Retraining further amplifies this effect. But that’s not its source.
this is not a moral panic
Skeptics are right about one thing: cultures have always adapted to new technologies. Photography did not kill painting. Movies didn’t kill theater. Digital tools have made new expressions possible.
But these early technologies did not force us to endlessly reshape culture across different mediums on a global scale. They didn’t summarize, reproduce, and rank cultural artifacts like news articles, songs, memes, academic papers, photos, and social media posts millions of times a day based on the same built-in assumptions about what’s “typical.”
This study shows that when meanings pass through such pipelines repeatedly, diversity collapses not because of malicious intent, malicious design, or corporate negligence, but because only certain kinds of meanings survive repeated text-to-image transformations.
This does not mean that cultural stagnation is inevitable. Human creativity is resilient. Organizations, subcultures, and artists have always found ways to resist homogenization. However, in my view, the research results show that stagnation is not a speculative fear, but a real risk if the production system continues to operate in its current iteration.
They also help clarify common misconceptions about AI creativity. In other words, creating infinite variations is not the same as creating innovation. The system can generate millions of images while exploring just one corner of a cultural space.
My own research on creative AI has shown that achieving novelty requires designing AI systems with incentives to deviate from the norm. Without this, the system would optimize with familiarity in mind since it is best learned. This study empirically supports this point. Autonomy alone does not guarantee exploration. In some cases, convergence is facilitated.
This pattern is already showing up in the real world. One study found a similar trend toward traditional, uninspired content in AI-generated lesson plans, highlighting that AI systems converge on the typical rather than the unique or creative.
The output of AI is well known because it reverts to an average display of human creativity. Burgatch/iStock via Getty Images
lost in translation
When you write a caption on an image, details are lost. The same goes for generating images from text. And this happens regardless of whether it is performed by a human or a machine.

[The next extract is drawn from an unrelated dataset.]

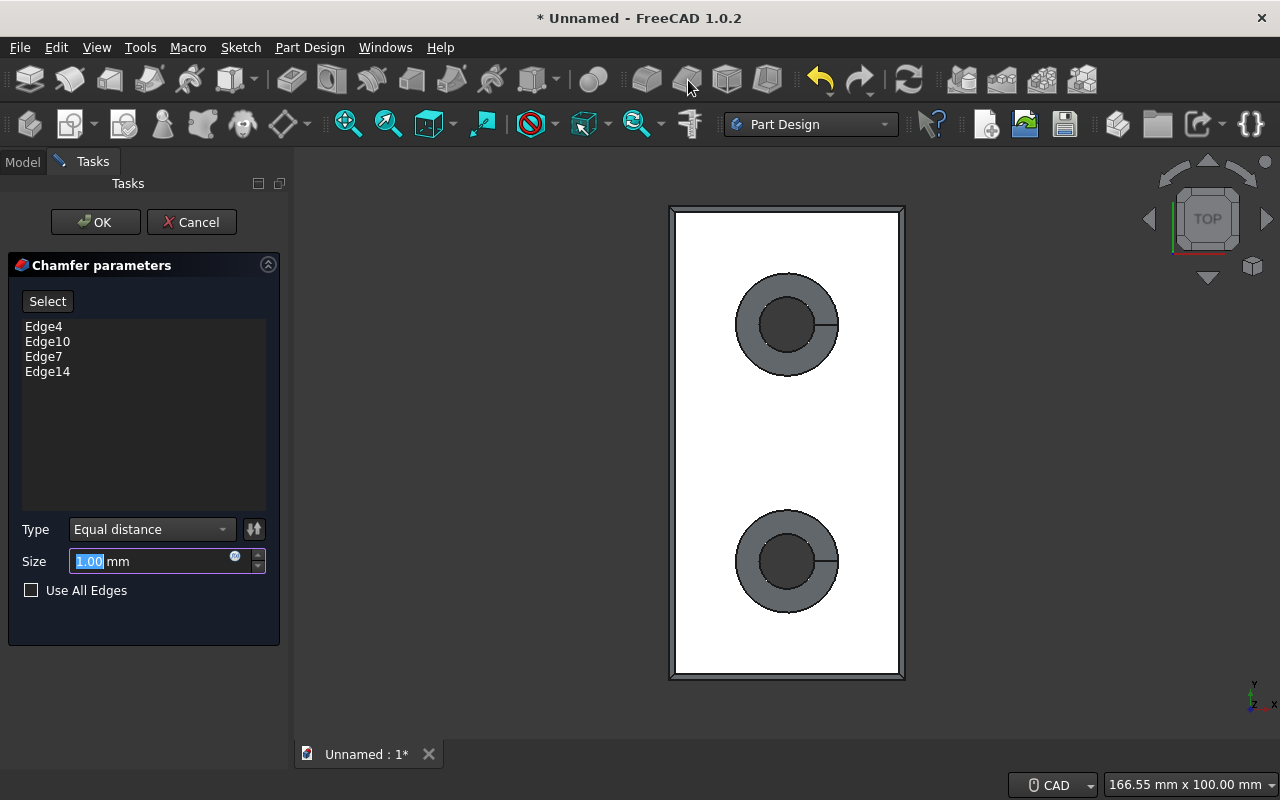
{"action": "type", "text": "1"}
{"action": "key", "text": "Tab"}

In that sense, this convergence is not a failure unique to AI. This reflects the deeper nature of bouncing from one medium to another. When meaning repeatedly passes through two different forms, only the most stable elements remain.

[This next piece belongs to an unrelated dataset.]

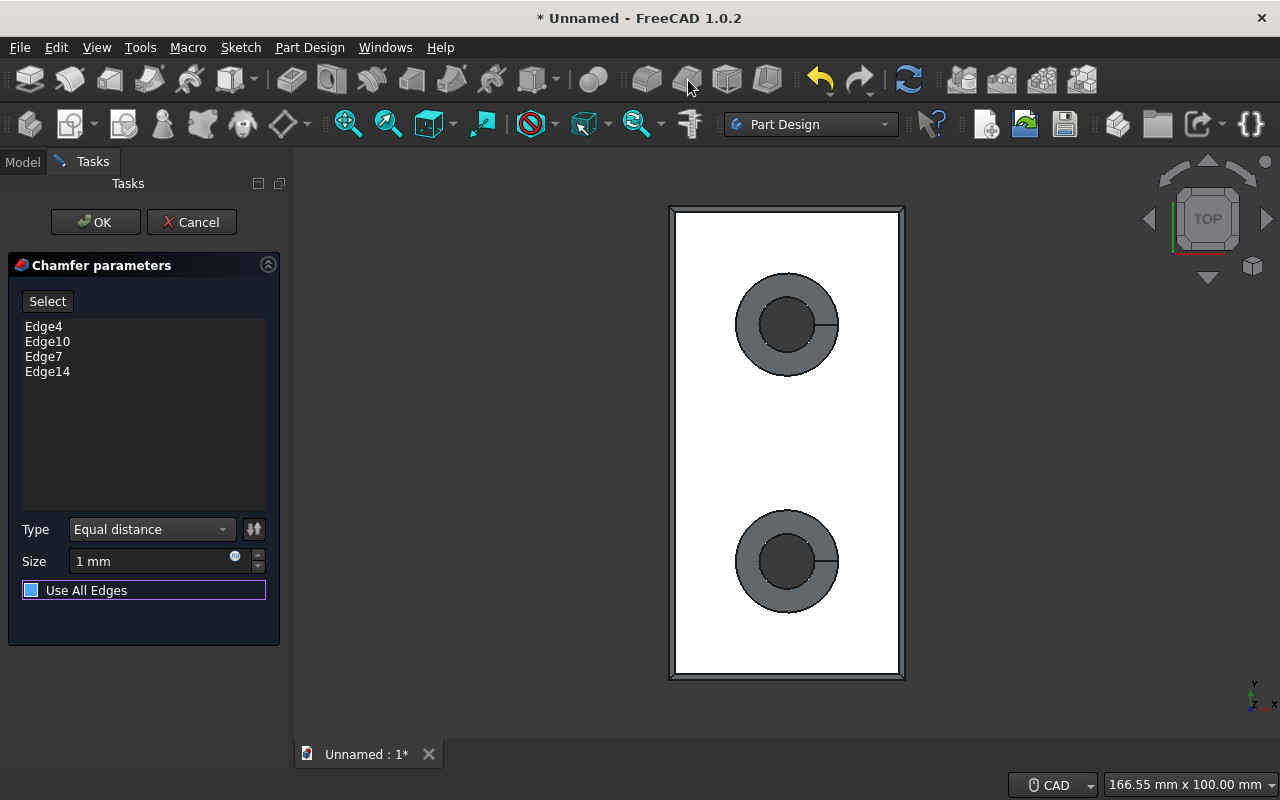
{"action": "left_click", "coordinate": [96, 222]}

However, by emphasizing what survives in repeated translations between text and image, the authors are able to show that meaning is processed within the generative system by a silent pull towards the common.
The implications of this are solemn. Even with human guidance, whether that means creating prompts, selecting output, or adjusting results, these systems still strip out some details and amplify others in a way that strives for the “average.”
If generative AI is to enrich culture rather than flatten it, I think we need to design systems in a way that statistically resists convergence to average output. There may be rewards for deviance and support for less common and less mainstream forms of expression.
One thing this study made clear is that without these interventions, generative AI will continue to drift toward mediocre and uninspiring content.
Cultural stagnation is no longer a matter of speculation. It’s already happening.